Discurso no Senado Federal

ALERTA PARA O PERIGO QUE REPRESENTA A IMUNIDADE DE JUIZES.

Autor
Roberto Requião (PMDB - Movimento Democrático Brasileiro/PR)
Nome completo: Roberto Requião de Mello e Silva
Casa
Senado Federal
Tipo
Discurso
Resumo por assunto
JUDICIARIO.:
  • ALERTA PARA O PERIGO QUE REPRESENTA A IMUNIDADE DE JUIZES.
Publicação
Publicação no DSF de 04/06/1998 - Página 9775
Assunto
Outros > JUDICIARIO.
Indexação
  • NECESSIDADE, REVISÃO, ALTERAÇÃO, LEGISLAÇÃO, JUDICIARIO, BRASIL, GARANTIA, JUIZ DE DIREITO, IMUNIDADE, AUTORIDADE JUDICIARIA, OBJETIVO, PREVENÇÃO, ABUSO, RESULTADO, IMPUNIDADE, CIDADÃO, QUALIDADE, MAGISTRADO.

O SR. ROBERTO REQUIÃO (PMDB-PR. Para uma comunicação. Sem revisão do orador.) - Sr. Presidente, Srªs. e Srs. Senadores, o Congresso Nacional e o Senado da República, principalmente, discutem a redução de algumas absurdas imunidades parlamentares. Não me refiro às necessárias e democráticas prerrogativas, mas ao abuso das imunidades que, pela sua própria existência, fazem com que pessoas que têm complicações com a justiça proponham suas candidaturas para se tornarem imunes ao abrigo do Congresso Nacional.

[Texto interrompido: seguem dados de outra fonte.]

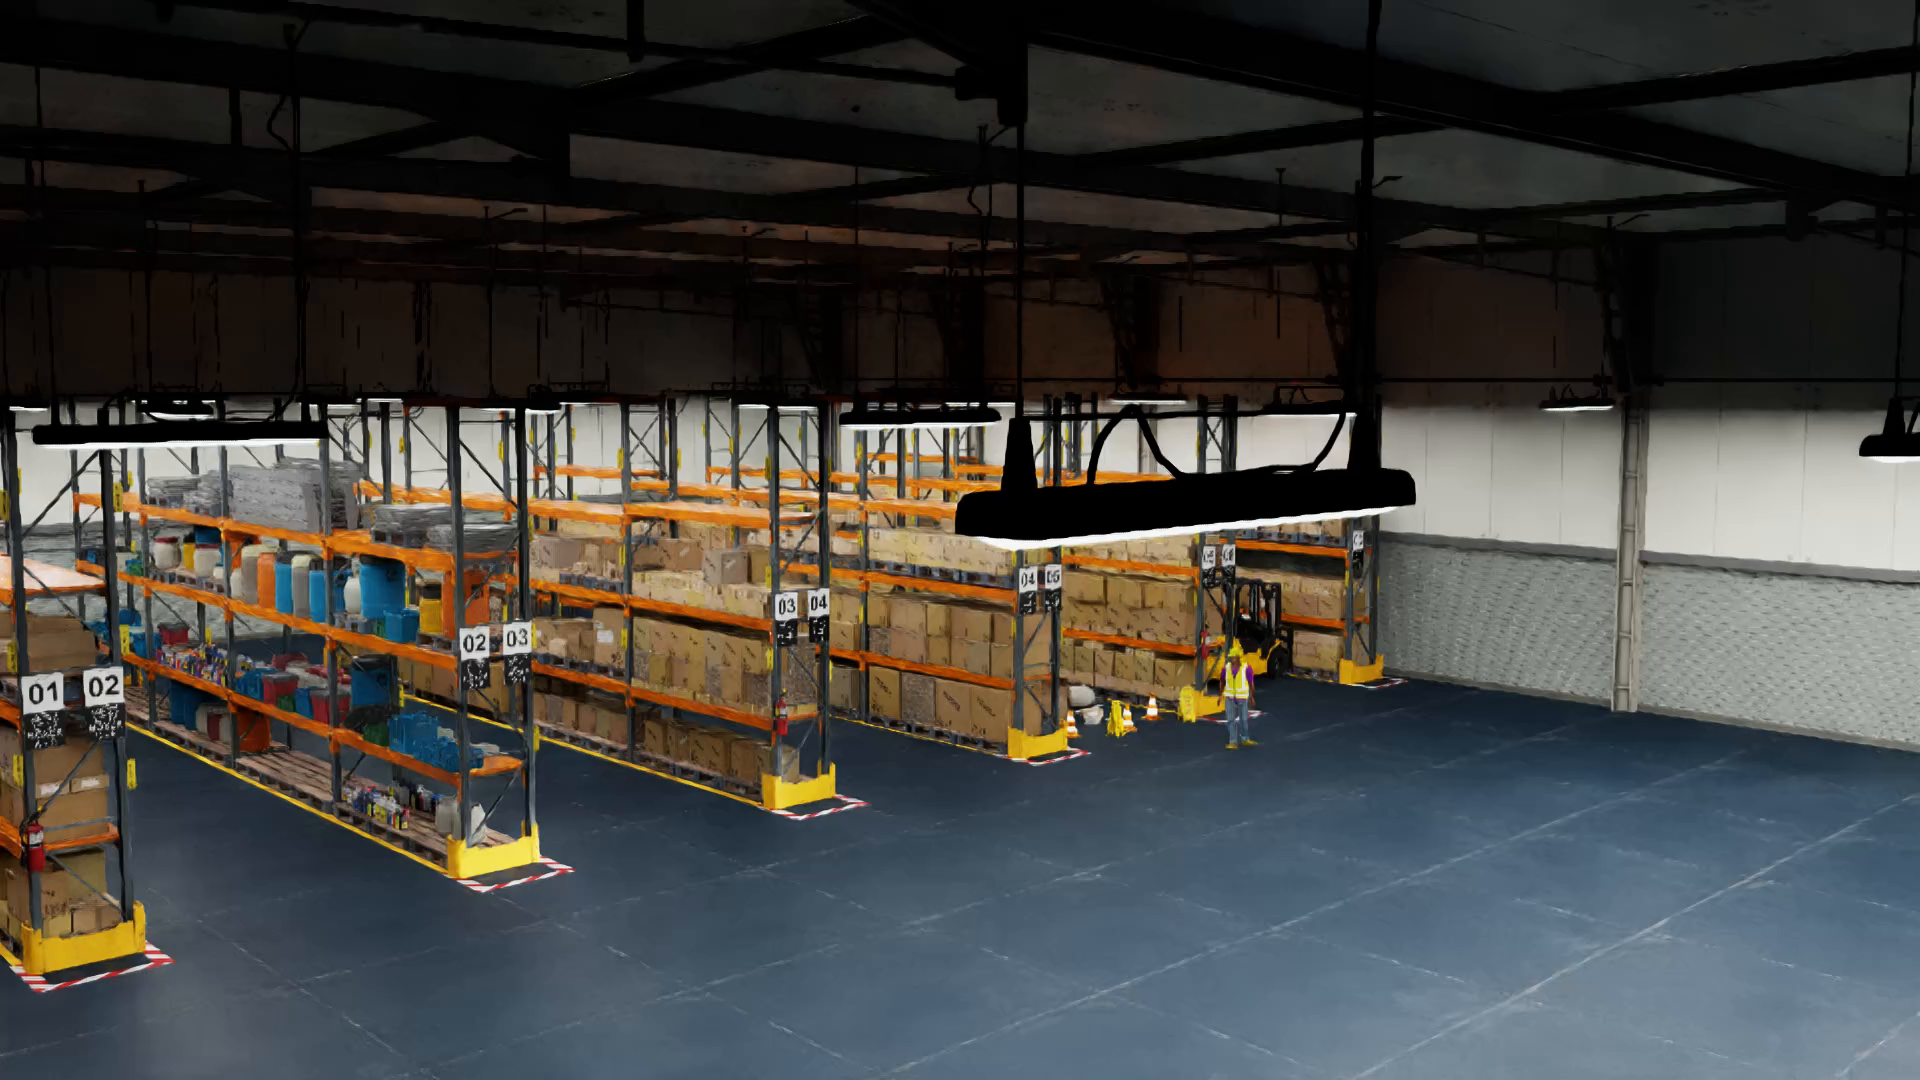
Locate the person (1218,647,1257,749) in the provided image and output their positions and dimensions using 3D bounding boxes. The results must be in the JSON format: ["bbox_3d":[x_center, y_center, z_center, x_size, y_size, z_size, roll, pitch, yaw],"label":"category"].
[{"bbox_3d":[4.767,2.701,28.614,0.662,1.758,0.550,2,6,19],"label":"person"}]

Mas, hoje, quero falar sobre o outro lado da questão, que é a absoluta imunidade e impunidade dos juízes. E quero falar de um caso que ocorreu e ocorre comigo no Paraná. Durante as eleições em que concorri para o Governo do Estado, um Juiz de Direito, membro do Tribunal Regional Eleitoral do Paraná, tendo sido Relator de um feito onde se discutia a legalidade de uma propaganda eleitoral da minha coligação - na época eu era candidato ao Governo do Estado - considerou a propaganda ilegal e a suspendeu. Não satisfeito, no entanto, com a suspensão e como punição tirou do ar toda a propaganda televisiva da minha coligação.

Durante o período em que a propaganda ficou suspensa, o juiz determinou que se veiculasse no ar um despacho de sua autoria de forma permanente e integralmente. O despacho me acusava de, ao invés de utilizar o tempo de televisão para elevar o nível da campanha - e essa era a opinião do juiz e não a minha -, distorcer o seu cunho finalístico para as críticas pessoais de trocas de ofensas, que considerava lastimáveis. E chamava a minha propaganda, como candidato, de propaganda caracterizada por desatinado ataque ao adversário. Era a opinião do juiz; não era a minha e não era a opinião do povo do Paraná que, ao fim e ao cabo, elegeu-me.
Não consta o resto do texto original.